Sal: At TetraScience, we saw the opportunity to solve one of the biggest problems in life science: making the data produced by scientific instruments easy to access and consume, and ready for analytics from day one. To do this, Tetra has to be a truely open platform focused on solving the R&D data engineering problem. On the other hand, managing and scaling a Lab Monitoring product requires a different type of DNA and significant investments for building innovative hardware solutions. Because of this, we all felt that Elemental was the perfect new home for the Tetra Lab Monitoring product.
How did such a discussion even begin? Who made the first move?
Sridhar: It may surprise people to learn that Sal and I had a tradition of getting dinner together once or twice a year. During our most recent catchup dinner, he brought up the future of Tetra, and an opportunity he saw to strengthen both brands and benefit both sets of customers by selling the Tetra Lab Monitoring business to Elemental Machines.
Sal: The best way to put it is that Sri and I were at the right place at the right time. We have known each other for a few years, and when we met for dinner at the beginning of last summer, the conversation naturally evolved toward possible ways to work together. By the end of the dinner, we realized that we both shared the same vision for continuing to deliver value to the LabOps professionals and that joining forces was in the best interest of both companies and customers.
How will the non-acquired portions of TetraScience be affected by the change?
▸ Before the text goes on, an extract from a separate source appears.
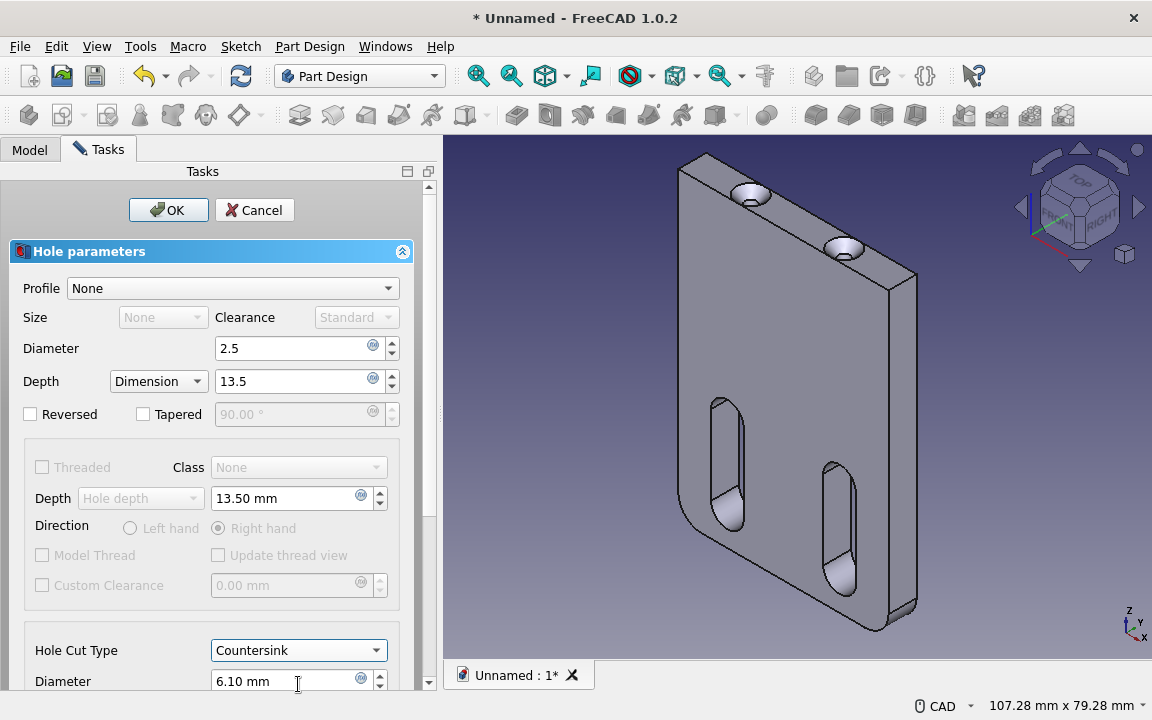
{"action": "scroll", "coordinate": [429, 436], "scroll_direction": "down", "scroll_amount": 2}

Sal: This acquisition will enable TetraScience to focus entirely on delivering value to the life science industry via the R&D Data Cloud. It's important also to note that TetraSciences's ability to connect to simple lab equipment, such as balances and pH meters, and to extract experimental data via IoT is not affected by this divesture. Additionally, the Tetra Partner Network program will ensure that those customers who will also need a lab monitoring solution can have the option to buy it from Elemental Machines. The growth in the Tetra R&D Data Cloud has been simply incredible, and it represents an opportunity for us to collaborate moving forward without distracting them from their core.
What does this acquisition mean for the technological future of Elemental Machines?
Sridhar: In addition to the initial integrations, we now have an awesome partner in the R&D Data Cloud, which means we can focus our efforts in expanding beyond just R&D labs.
In 15 years, how will this moment be viewed in terms of its significance to the LabOps community as a whole?
Sridhar: Today, when you say “CRM,” people think of Salesforce. When you say “smartphone,'' people envision an iPhone. Because of this acquisition, when people say, “LabOps” in the years to come, Elemental Machines will be the singular brand that comes to mind. That’s a big responsibility, and one we don’t take lightly.